Limited Spectroscopic Fibers

SEGUE probes each line of sight with a limited number of fibers; the survey cannot spectroscopically observe every target in a field. Lower latitude pointings are closer to the plane of the Galaxy; they have many more stars and tend to be more metal rich than high latitude lines of sight. SEGUE assigns the same number of fibers to each line of sight, regardless of latitude and stellar density. This leads to a bias against low-latitude, typically metal-rich, stars in the spectroscopic sample.

In addition to latitude effects, along any given line-of-sight, there will be more faint than bright targets, as the fainter stars probe a larger volume of space. To accurately reflect the properties of the Milky Way, we must ensure that fainter spectroscopic targets are weighted more heavily in the sample, as they are representative of more stars. The spectroscopic sample must reflect the apparent-magnitude distribution of the underlying photometry along each line of sight.

We separate the spectroscopic and photometric sample into G and K dwarfs based on (g-r) color for each individual line-of-sight. We examine the distribution in r magnitude for each individual spectral type, binning up the spectroscopic and photometric targets in 0.5 magnitude bins from r of 13 to 21.5 magnitudes. We compare the number of spectroscopic targets in each bin to the number of potential targets in the photometric sample. The inverse of this ratio is the weight assigned to each spectroscopic target with a measurable [Fe/H] and S/N ≥10 to recreate the parent photometric distribution. This quantity, which we refer to as the “r-magnitude weight”, accounts for the fact that SEGUE does not have unlimited fibers.

Bin sizes of 0.5 mag ensure that we typically have multiple spectroscopic targets associated with each group of photometric stars. At the faint end of the r distribution, there are typically very few spectra with S/N of 10 or higher. Similarly, once we apply more stringent S/N criteria, there are bins at a range of r with very few targets.
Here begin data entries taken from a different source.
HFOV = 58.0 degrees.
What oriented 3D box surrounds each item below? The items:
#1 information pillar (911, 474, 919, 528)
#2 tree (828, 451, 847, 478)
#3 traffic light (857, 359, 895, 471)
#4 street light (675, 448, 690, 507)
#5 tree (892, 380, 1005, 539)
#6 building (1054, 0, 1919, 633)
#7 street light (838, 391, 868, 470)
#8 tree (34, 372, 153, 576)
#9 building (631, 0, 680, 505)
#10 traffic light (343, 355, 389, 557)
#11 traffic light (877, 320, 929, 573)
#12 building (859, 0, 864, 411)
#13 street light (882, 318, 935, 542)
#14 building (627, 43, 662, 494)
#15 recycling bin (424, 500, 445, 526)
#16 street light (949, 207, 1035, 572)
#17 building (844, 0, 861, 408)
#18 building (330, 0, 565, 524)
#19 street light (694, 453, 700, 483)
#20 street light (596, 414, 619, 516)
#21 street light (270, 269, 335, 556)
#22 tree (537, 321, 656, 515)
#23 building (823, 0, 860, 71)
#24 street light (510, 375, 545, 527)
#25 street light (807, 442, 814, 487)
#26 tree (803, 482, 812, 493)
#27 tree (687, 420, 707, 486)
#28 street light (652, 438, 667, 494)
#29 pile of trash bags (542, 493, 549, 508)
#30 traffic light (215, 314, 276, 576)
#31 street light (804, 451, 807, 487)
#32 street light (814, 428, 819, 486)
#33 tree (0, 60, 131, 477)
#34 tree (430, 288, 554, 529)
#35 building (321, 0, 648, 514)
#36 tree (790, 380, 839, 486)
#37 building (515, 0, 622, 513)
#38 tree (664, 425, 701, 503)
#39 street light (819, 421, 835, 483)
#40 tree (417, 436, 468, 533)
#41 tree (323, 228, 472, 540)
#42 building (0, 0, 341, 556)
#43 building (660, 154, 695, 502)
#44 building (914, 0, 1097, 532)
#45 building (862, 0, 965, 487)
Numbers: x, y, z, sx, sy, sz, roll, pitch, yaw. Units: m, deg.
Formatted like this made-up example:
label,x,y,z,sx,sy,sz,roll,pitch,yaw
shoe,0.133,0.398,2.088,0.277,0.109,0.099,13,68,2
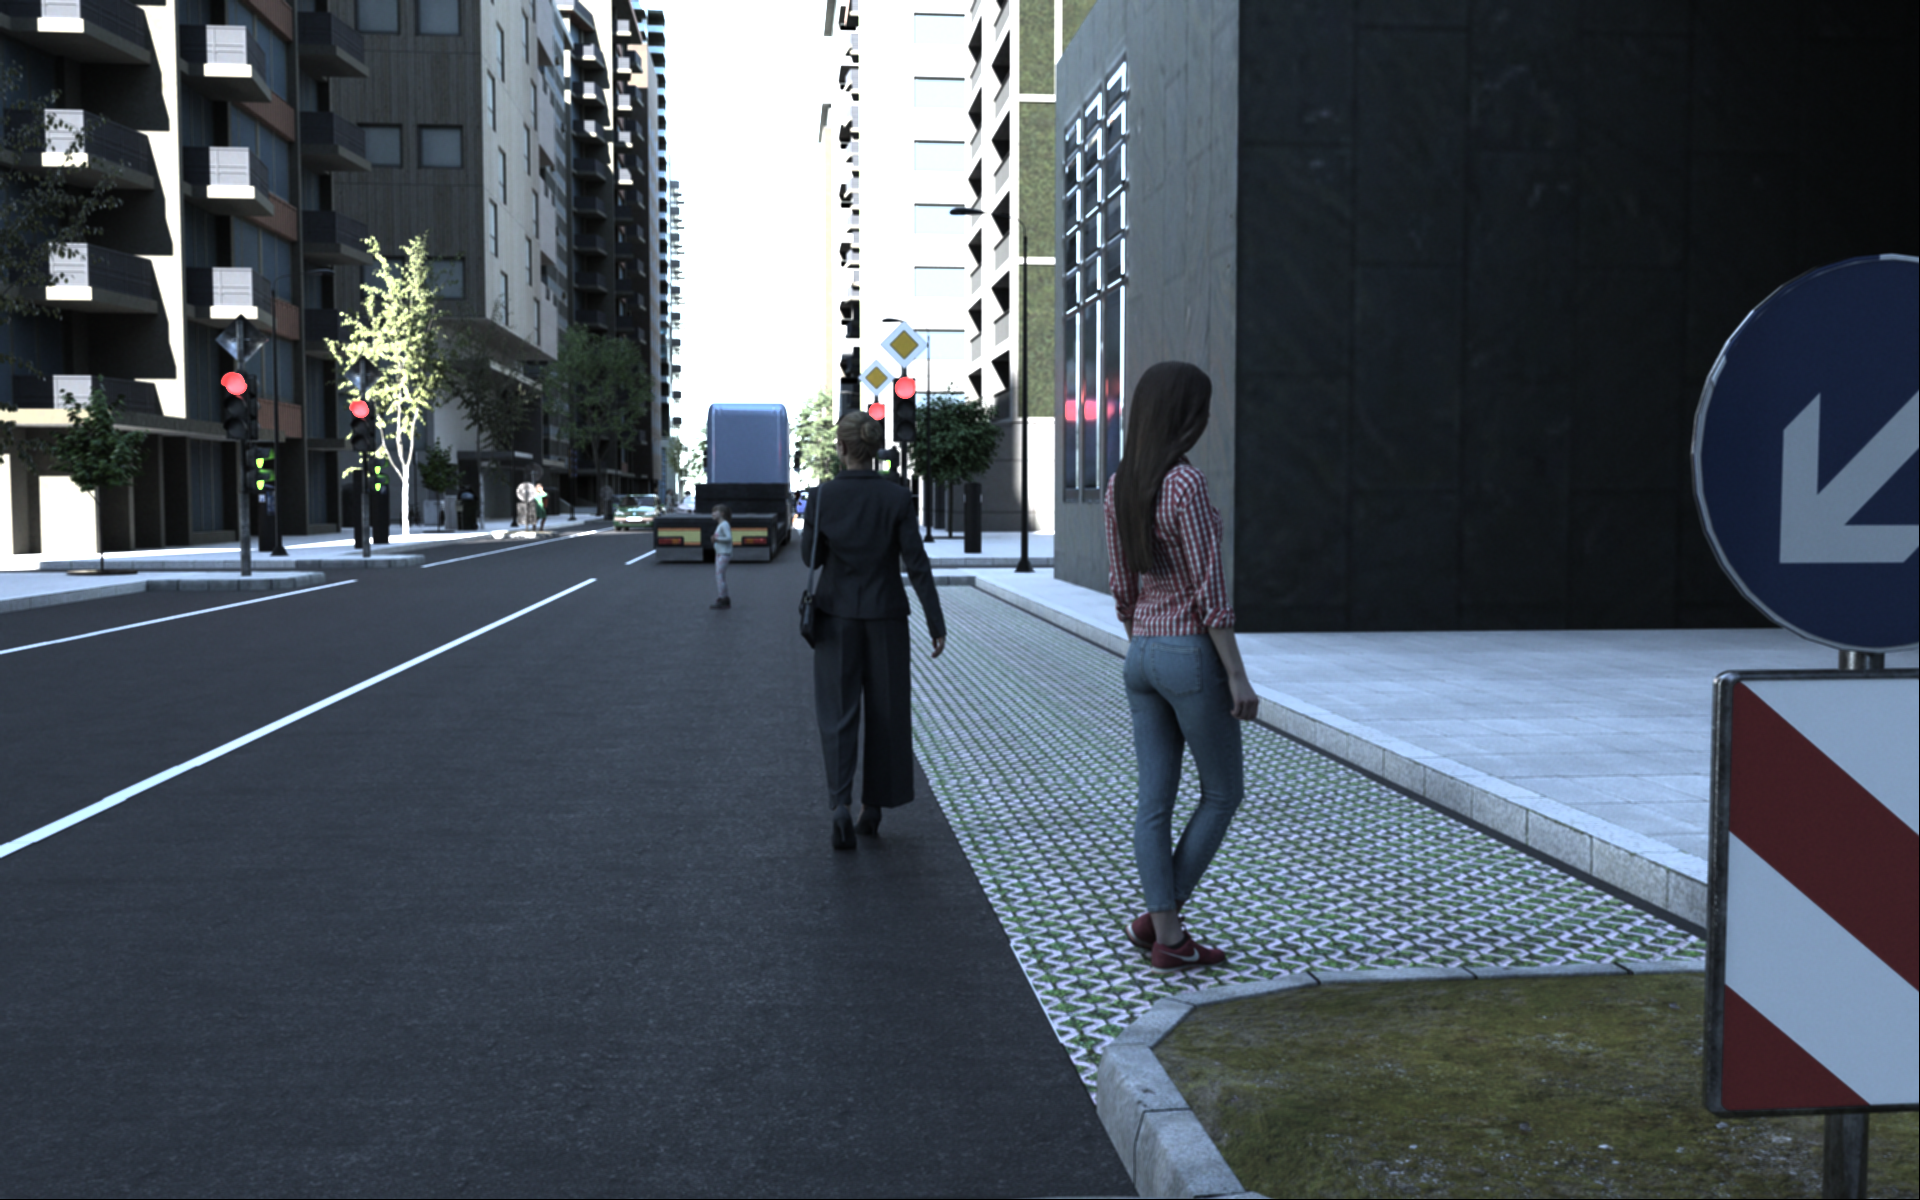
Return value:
label,x,y,z,sx,sy,sz,roll,pitch,yaw
information pillar,-1.680,-3.700,64.984,0.304,2.012,0.304,0,4,-1
tree,-7.056,-7.987,114.298,4.285,4.588,4.351,0,3,0
traffic light,-1.756,-2.884,36.075,0.839,4.253,0.868,0,4,-6
street light,-28.181,-12.387,175.073,1.470,5.913,1.316,0,4,-6
tree,-0.348,-4.059,50.078,4.285,4.588,4.351,0,3,0
building,14.140,-42.622,9.543,22.319,86.520,31.000,0,4,-6
street light,-4.714,-6.472,78.351,1.470,5.913,1.316,0,4,-6
tree,-13.644,-2.017,27.580,1.663,3.219,1.824,0,3,0
building,-44.746,-54.664,206.431,22.319,86.520,31.000,0,4,-6
traffic light,-12.010,-2.818,34.990,0.839,4.253,0.868,0,4,-6
traffic light,-0.925,-2.398,28.133,0.839,4.253,0.868,0,4,-6
building,-0.150,-26.870,122.920,14.154,41.232,14.086,0,4,-6
street light,-1.370,-4.485,45.876,1.470,5.913,1.316,0,4,-6
building,-36.782,-31.747,169.167,14.600,45.320,14.200,0,4,-6
recycling bin,-21.203,-3.512,69.972,0.722,1.027,0.722,0,4,0
street light,0.523,-3.409,28.271,1.470,5.913,1.316,0,4,-6
building,1.645,-29.989,144.937,22.147,44.769,28.867,0,4,-6
building,-34.461,-30.179,82.666,28.713,52.752,27.495,0,4,-6
street light,-30.098,-13.518,193.566,1.470,5.913,1.316,0,4,-6
street light,-20.347,-7.788,99.883,1.470,5.913,1.316,0,4,-6
street light,-13.613,-3.874,35.883,1.470,5.913,1.316,0,4,-6
tree,-22.121,-10.983,105.331,9.928,11.665,9.643,0,3,0
building,1.136,-35.699,172.921,28.713,52.752,27.495,0,4,-6
street light,-16.889,-5.817,67.646,1.470,5.913,1.316,0,4,-6
street light,-12.664,-11.122,154.383,1.470,5.913,1.316,0,4,-6
tree,-20.451,-14.618,233.606,1.663,3.219,1.824,0,3,0
tree,-37.639,-21.046,262.229,7.486,12.596,7.792,0,3,0
street light,-24.895,-10.445,143.311,1.470,5.913,1.316,0,4,-6
pile of trash bags,-25.557,-5.560,100.665,3.447,1.369,1.912,0,4,7
traffic light,-11.179,-2.332,27.048,0.839,4.253,0.868,0,4,-6
street light,-16.005,-13.089,186.542,1.470,5.913,1.316,0,4,-6
street light,-9.421,-9.179,122.617,1.470,5.913,1.316,0,4,-6
tree,-13.187,-4.380,21.978,4.360,8.622,3.978,0,3,0
tree,-17.096,-6.865,62.603,4.360,8.622,3.978,0,3,0
building,-38.500,-30.118,147.046,22.147,44.769,28.867,0,4,-6
tree,-15.093,-17.645,195.150,9.857,13.997,8.962,0,3,0
building,-40.495,-26.187,120.040,32.217,40.220,23.993,0,4,-6
tree,-29.912,-14.371,185.333,4.737,8.622,4.395,0,3,0
street light,-8.031,-8.414,110.109,1.470,5.913,1.316,0,4,-6
tree,-17.291,-3.866,57.817,1.663,3.219,1.824,0,3,0
tree,-15.557,-5.988,48.265,4.737,8.622,4.395,0,3,0
building,-29.336,-24.007,47.134,22.147,44.769,28.867,0,4,-6
building,-49.091,-37.831,238.139,23.786,49.044,30.456,0,4,-6
building,9.244,-38.155,62.081,20.563,71.187,20.611,0,4,-6
building,5.018,-33.959,97.221,21.231,58.520,28.212,0,4,-6

If there are only one or two spectroscopic targets in a bin, they will have anomalously large r-magnitude weights because they represent many, many stars observed in the photometry. To avoid this issue, we remove the stars in any r bin with only 1 or 2 spectroscopic targets from the sample.

As K-dwarf stars are more common than G-dwarf stars, and sampled more sparsely in SEGUE, these targets tend to have higher r-magnitude weights. Both G- and K-dwarf stars also have high r-magnitude weights for lines-of-sight that probe lower Galactic latitudes.

Description of the Provided Sample

We have included here the sample of SEGUE G and K dwarfs, along with their associated weights to account for SEGUE observational biases. This sample contains the best observation for all stars that meet the criteria of a G or K dwarf from SEGUE-1. All stars with valid target selection weights (e.g., not 0) meet the following criteria:

  • Valid SSPP parameter estimates
  • At or above an appropriate S/N (see below)
  • Fainter than r0 of 15. This criteria ensures that the bright end of the sample is complete
  • More than two stars in their r-magnitude bin
  • Not flagged in the sppParams.flags as noisy or with a temperature mismatch

For each star, we provide various different target-type and r-magnitude weights:

  • Columns 14 and 15 are the weights with a S/N limit of 10. This is the largest possible sample.
  • Columns 16 and 17 have a S/N cut at 15.
  • Columns 18 and 19 have a S/N cut at 20.
  • Columns 20 and 21 have a S/N cut at 25.
  • Columns 22 and 23 have a S/N cut at 30.
  • Columns 24 and 25 have a S/N cut at 30 and require that the star has a valid SSPP determination of [α/Fe]. These weights are designed for use with the Lee et al. 2011 [α/Fe] abundance determinations.

When adjusting a sample for observational biases, you scale it by its r-magnitude and target-type weight. For example, a G-dwarf with a target-type weight of 1.5 and an r-magnitude weight of 20 should be counted 1.5×20=30 times to reflect the underlying distribution of stars. Stars that don’t meet the selection criteria (noisy, inappropriate flags, no valid SSPP values, etc.) are assigned r-magnitude and target-type weights of 0 such that they will not be counted.